Pinot as "BIG DATA" solution - particularly supporting unique metrics

Hi Guys, Hoping you can help me with the research that I started for my project on Pinot. We are talking about a system with retention of 12 month and around 100~ milliard rows of data per year.

The objective is to make analytic queries on web service; therefore there are a few items I need to fill, please see the list below: From user/concurrency point of view: • Is there a limitation for concurrent users running queries? • In case I need to add more users, what is the cost? (More hardware/servers/memory?)

From data point of view: • Is there a limitation on how many dimensions/lookup tables I can design? Is there any kind of performance implications? • What will be the cost of adding another dimension/lookup table? (More hardware/servers/memory or redesign of the solution?) • What about the history, as I mention before we are talking about one year retention, but if I need to add more retention time, example 3 years, what will be the implication?

From Programming point of view: • Are the windows functions supported? • If not, is there a workaround for it? • If partially, which one is supported or not supported. • Are Joins between tables supported? (Is there a limitation for table size?) • Are nested queries supported? • Are functions like Count, sum, avg., max, min, etc. supported? How is it working with uniqueness? (Count (distinct X), Sum (distinct X), etc.) • Are ranking functions, like in MSSQL, supported? (row_number, rank, dense_tank, ntile) • How Pinot is supporting the comparison between populations?
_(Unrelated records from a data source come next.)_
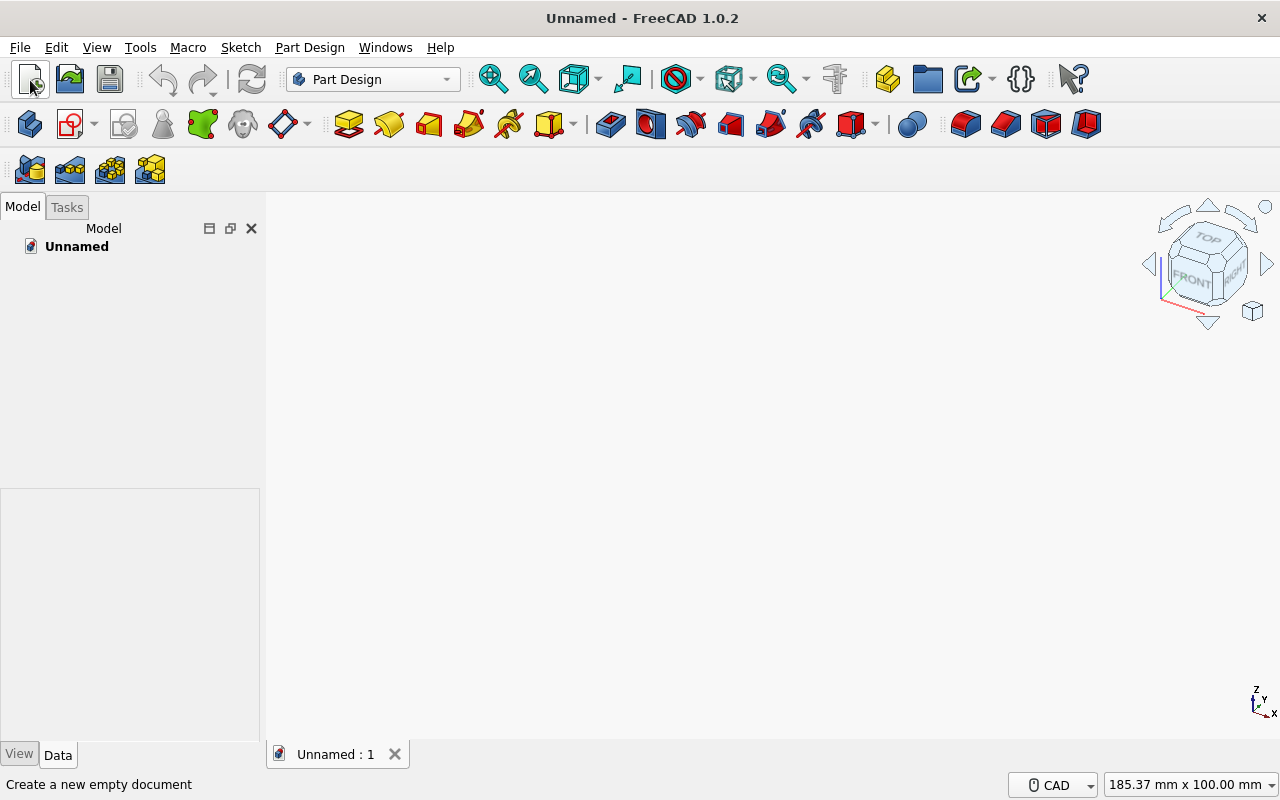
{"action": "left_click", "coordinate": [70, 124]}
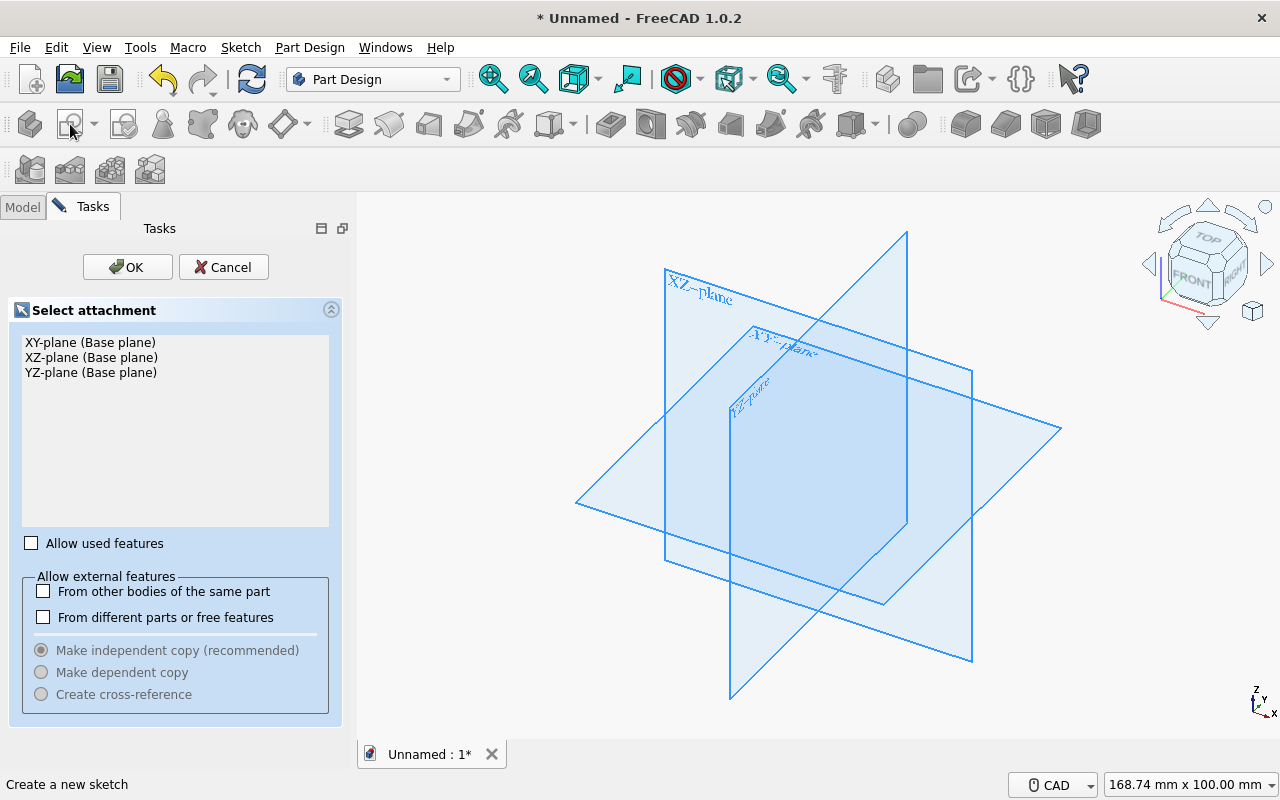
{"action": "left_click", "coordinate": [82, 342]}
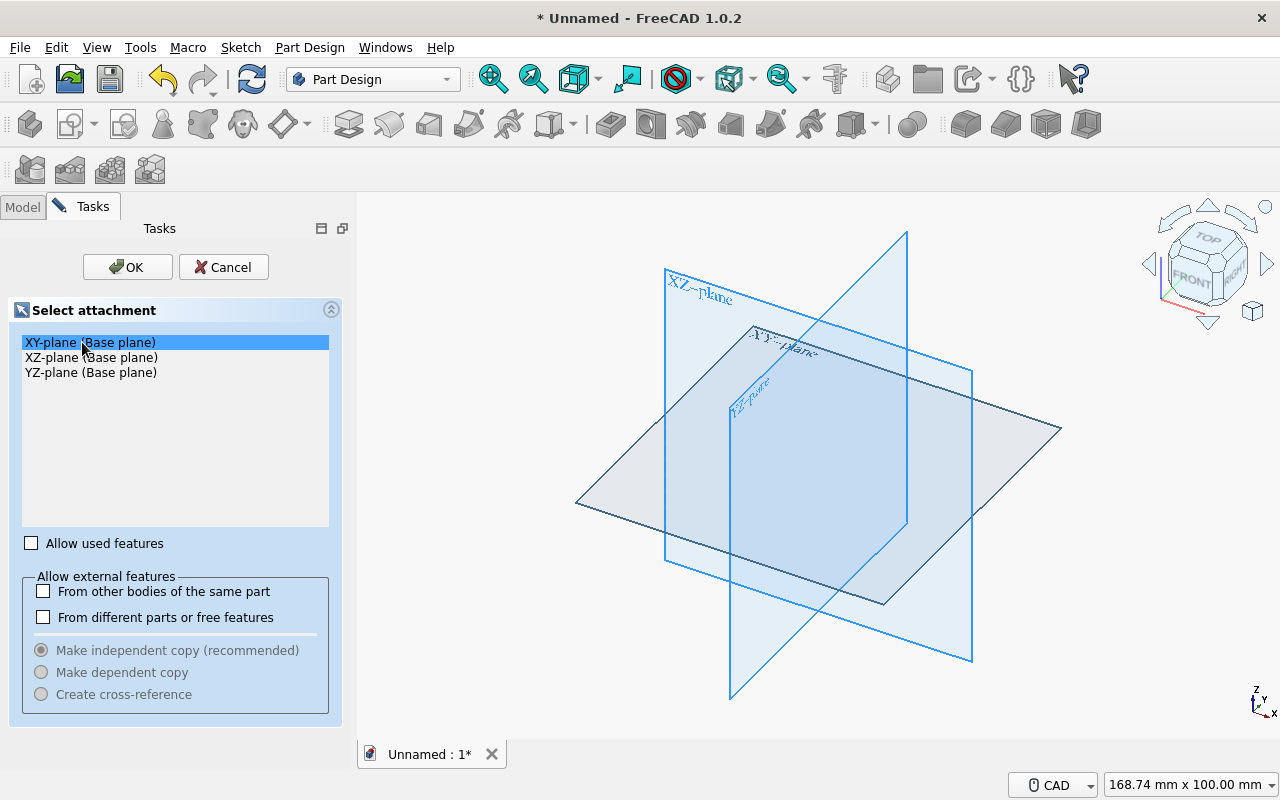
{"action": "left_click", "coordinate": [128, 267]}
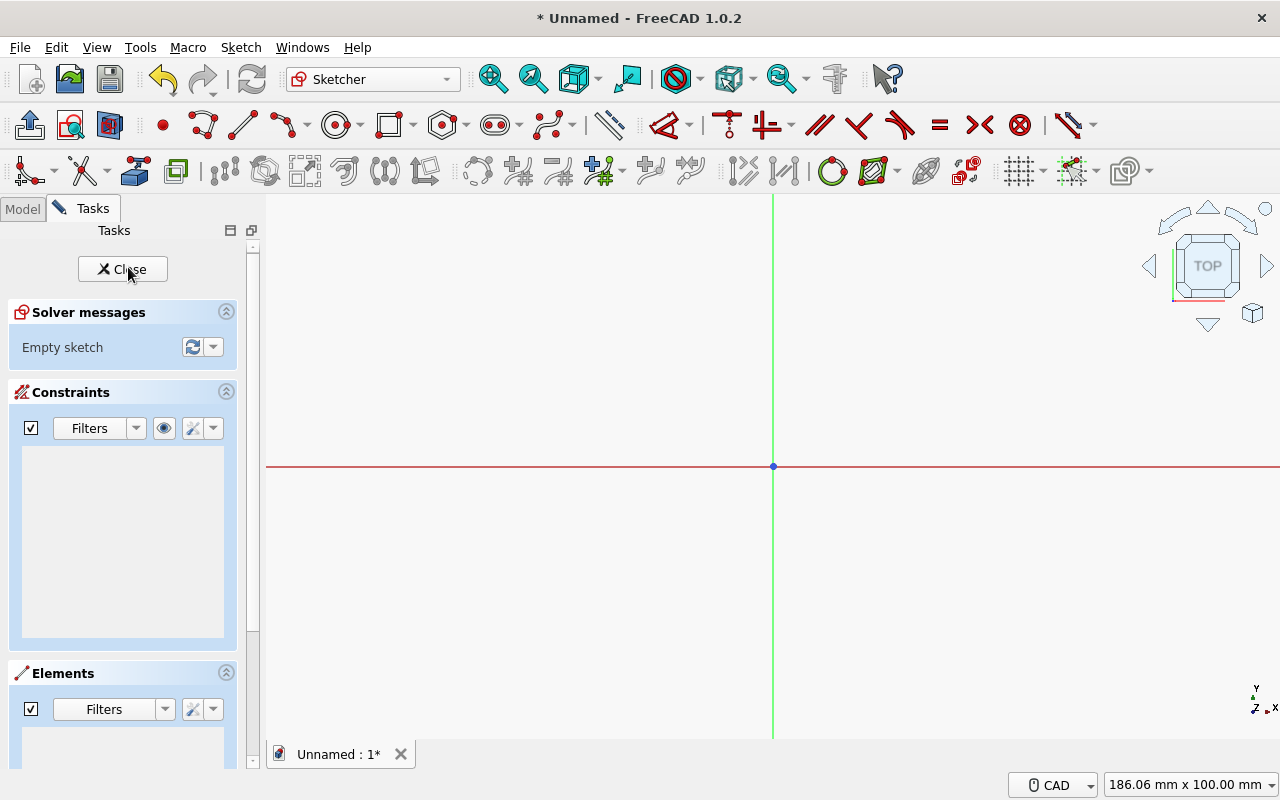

Example, I need to get the population of users which didn’t purchase in the last 3 days but they click on my site at least 1 times. (when purchase and click are different events types in the system) • Flexibility from integration point of view (could it work with Java/python/etc.)

Some words about the company I’m working for, it is a personalized retargeting specialist providing web and app advertisers with display ads (banners), in real time, for visitors who have left their sites without completing a purchase. These users are served ads as they continue surfing the web or browsing other apps. Personalized retargeting is a form of online targeted advertising, in which online advertising is delivered to consumers based on their previous actions (such as pages browsed, products added to basket) on a company's website or app. I will appreciate any help you can provide, since the answer based on your experience to pointing me to documents/tutorials/white papers/etc.

If any additional details are needed please let me know.

Thanks! Guy

From user/concurrency point of view: • Is there a limitation for concurrent users running queries?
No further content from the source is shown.